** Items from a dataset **
▽
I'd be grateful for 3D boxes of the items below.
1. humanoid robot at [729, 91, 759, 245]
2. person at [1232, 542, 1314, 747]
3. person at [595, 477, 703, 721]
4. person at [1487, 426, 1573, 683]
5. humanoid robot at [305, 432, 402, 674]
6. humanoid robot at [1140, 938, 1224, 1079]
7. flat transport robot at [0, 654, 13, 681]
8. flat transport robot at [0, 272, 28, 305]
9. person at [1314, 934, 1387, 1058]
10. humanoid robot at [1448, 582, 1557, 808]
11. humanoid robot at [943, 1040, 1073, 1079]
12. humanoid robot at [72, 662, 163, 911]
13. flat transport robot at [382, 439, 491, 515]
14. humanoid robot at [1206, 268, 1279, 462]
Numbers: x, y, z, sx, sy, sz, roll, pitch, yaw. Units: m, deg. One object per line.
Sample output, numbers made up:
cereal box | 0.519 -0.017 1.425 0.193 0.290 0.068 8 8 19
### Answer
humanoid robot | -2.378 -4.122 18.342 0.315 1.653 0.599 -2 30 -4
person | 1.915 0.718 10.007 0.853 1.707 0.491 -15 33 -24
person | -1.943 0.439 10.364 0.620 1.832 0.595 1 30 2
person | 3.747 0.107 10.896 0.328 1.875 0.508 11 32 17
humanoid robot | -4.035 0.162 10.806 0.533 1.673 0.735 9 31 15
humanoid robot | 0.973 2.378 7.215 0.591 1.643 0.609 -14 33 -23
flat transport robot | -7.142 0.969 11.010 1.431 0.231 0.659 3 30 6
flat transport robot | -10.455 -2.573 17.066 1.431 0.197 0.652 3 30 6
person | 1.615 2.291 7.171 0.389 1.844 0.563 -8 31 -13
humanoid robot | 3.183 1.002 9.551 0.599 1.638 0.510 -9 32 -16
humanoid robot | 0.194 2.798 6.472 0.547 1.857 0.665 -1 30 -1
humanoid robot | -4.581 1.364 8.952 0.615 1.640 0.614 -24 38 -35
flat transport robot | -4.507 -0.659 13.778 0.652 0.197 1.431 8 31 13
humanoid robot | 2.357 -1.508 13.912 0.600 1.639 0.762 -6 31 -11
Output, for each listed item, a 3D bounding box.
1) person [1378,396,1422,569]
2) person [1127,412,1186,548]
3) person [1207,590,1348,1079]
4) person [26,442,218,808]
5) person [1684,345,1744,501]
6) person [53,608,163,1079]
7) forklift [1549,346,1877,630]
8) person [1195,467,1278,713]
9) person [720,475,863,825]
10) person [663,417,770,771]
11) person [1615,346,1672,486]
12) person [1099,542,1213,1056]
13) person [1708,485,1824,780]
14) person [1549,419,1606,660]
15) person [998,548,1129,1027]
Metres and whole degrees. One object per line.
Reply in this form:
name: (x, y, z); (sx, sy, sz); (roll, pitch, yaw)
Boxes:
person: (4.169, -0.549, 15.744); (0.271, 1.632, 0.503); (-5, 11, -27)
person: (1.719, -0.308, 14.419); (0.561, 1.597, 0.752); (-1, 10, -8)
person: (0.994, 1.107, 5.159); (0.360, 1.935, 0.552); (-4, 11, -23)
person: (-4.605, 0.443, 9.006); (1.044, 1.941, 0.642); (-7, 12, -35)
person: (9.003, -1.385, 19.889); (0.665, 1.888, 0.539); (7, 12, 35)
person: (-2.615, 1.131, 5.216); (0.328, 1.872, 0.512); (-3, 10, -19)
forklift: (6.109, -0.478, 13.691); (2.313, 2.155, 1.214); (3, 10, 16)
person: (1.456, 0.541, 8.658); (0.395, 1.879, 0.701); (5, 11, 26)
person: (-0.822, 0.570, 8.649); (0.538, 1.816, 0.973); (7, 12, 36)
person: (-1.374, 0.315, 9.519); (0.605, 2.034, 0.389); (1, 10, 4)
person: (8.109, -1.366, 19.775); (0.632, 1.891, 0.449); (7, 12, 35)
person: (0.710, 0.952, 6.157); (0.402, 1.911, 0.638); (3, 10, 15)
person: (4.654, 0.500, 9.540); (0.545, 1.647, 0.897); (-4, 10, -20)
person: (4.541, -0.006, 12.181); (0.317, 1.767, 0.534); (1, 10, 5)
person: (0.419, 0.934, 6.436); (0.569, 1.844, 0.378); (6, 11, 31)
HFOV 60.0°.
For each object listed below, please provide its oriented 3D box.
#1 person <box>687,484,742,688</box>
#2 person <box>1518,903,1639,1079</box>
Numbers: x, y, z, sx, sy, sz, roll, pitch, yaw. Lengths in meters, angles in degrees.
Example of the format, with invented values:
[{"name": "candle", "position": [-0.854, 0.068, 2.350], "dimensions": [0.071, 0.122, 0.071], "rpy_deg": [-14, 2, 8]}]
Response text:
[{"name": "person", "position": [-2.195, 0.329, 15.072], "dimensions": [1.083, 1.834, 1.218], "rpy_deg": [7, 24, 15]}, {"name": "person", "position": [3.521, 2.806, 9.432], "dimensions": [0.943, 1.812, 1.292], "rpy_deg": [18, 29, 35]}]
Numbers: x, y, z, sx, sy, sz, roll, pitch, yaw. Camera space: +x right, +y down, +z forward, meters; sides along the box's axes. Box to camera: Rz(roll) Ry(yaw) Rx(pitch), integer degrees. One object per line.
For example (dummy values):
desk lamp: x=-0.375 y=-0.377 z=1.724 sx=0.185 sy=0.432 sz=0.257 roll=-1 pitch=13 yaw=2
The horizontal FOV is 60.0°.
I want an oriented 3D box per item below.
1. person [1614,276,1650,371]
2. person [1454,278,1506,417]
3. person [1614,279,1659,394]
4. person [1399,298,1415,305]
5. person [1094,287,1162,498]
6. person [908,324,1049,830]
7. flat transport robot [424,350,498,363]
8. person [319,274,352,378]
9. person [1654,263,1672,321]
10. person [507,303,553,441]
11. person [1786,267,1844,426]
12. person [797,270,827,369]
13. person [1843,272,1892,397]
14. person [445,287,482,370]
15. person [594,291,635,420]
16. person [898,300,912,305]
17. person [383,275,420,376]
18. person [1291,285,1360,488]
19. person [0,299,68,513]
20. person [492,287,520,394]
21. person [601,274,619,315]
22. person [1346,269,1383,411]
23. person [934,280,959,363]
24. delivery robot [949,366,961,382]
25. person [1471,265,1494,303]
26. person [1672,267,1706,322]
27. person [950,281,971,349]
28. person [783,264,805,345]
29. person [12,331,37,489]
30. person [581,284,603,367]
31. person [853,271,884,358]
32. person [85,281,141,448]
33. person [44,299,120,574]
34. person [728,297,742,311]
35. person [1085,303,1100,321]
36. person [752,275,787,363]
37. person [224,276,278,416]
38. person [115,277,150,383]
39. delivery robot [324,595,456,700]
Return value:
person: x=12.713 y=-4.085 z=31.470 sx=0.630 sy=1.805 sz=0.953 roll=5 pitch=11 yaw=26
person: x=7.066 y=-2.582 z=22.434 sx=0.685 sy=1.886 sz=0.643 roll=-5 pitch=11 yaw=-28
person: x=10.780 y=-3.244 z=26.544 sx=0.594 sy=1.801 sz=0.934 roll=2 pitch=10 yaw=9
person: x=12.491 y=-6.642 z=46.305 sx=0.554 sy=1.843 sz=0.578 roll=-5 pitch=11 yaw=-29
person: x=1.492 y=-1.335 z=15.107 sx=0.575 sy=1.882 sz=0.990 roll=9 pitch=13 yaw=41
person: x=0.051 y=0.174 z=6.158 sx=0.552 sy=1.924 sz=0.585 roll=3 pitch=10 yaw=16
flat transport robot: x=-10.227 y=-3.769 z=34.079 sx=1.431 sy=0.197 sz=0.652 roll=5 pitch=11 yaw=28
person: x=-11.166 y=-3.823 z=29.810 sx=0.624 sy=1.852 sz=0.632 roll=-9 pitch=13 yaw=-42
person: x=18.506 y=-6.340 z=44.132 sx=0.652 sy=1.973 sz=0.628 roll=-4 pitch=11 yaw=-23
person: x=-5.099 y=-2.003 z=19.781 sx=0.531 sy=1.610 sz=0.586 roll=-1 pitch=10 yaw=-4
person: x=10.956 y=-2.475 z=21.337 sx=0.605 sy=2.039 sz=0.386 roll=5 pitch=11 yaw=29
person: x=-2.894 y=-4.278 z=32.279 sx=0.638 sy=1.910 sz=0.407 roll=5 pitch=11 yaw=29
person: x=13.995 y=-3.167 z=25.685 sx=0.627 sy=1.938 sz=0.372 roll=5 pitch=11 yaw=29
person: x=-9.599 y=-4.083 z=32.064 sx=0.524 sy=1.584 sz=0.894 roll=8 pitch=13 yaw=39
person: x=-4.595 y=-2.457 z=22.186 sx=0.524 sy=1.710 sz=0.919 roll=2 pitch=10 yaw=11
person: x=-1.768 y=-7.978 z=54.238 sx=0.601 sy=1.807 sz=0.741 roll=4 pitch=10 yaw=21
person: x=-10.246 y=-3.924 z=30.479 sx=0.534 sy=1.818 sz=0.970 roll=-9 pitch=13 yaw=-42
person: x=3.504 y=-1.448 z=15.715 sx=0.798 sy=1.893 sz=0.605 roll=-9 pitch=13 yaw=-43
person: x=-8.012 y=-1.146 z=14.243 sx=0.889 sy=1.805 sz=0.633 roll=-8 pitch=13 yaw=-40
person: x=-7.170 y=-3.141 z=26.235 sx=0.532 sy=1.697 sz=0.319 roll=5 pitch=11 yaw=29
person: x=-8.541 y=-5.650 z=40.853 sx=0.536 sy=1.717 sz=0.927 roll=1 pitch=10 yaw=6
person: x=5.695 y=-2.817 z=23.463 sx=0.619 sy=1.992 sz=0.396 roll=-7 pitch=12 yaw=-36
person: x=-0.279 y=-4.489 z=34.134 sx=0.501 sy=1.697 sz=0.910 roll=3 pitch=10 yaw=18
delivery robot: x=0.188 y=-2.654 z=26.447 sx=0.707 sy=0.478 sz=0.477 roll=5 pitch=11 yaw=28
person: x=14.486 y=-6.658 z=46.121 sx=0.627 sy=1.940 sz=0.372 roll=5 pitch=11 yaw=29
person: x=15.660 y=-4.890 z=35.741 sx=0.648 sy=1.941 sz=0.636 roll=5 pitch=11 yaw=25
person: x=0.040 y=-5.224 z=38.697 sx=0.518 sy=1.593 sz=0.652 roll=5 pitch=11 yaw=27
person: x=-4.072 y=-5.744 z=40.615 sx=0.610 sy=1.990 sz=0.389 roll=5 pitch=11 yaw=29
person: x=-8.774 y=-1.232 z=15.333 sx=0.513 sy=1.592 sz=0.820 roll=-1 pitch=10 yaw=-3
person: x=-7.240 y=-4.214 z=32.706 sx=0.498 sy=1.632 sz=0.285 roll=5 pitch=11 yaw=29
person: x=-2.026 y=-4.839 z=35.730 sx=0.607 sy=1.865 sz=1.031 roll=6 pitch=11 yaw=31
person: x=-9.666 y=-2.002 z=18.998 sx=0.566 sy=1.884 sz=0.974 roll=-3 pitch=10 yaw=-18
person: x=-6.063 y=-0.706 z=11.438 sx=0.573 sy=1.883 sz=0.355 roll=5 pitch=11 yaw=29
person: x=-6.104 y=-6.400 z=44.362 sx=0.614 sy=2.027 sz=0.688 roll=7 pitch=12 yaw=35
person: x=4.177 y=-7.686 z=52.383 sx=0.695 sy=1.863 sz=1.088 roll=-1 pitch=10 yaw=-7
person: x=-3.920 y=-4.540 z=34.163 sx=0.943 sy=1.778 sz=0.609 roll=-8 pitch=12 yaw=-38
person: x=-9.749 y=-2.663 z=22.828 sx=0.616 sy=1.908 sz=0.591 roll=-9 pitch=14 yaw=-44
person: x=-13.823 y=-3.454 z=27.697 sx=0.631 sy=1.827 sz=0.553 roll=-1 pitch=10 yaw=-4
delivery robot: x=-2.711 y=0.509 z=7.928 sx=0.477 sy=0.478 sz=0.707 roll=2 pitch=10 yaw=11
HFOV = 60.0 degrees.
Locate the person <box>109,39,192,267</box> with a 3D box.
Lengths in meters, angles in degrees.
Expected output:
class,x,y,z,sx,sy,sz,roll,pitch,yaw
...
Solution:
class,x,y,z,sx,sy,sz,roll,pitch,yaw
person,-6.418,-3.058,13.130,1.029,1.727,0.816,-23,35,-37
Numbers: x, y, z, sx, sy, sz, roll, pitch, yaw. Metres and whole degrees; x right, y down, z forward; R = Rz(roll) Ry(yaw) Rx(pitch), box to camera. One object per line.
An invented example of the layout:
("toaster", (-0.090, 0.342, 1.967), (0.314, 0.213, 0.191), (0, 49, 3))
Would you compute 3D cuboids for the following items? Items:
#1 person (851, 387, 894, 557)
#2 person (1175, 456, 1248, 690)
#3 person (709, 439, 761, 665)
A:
△
** How to complete this task **
From the records above, copy out the line with "21. person [601,274,619,315]", the line with "31. person [853,271,884,358]", and every line between them, word for word.

** Answer section **
21. person [601,274,619,315]
22. person [1346,269,1383,411]
23. person [934,280,959,363]
24. delivery robot [949,366,961,382]
25. person [1471,265,1494,303]
26. person [1672,267,1706,322]
27. person [950,281,971,349]
28. person [783,264,805,345]
29. person [12,331,37,489]
30. person [581,284,603,367]
31. person [853,271,884,358]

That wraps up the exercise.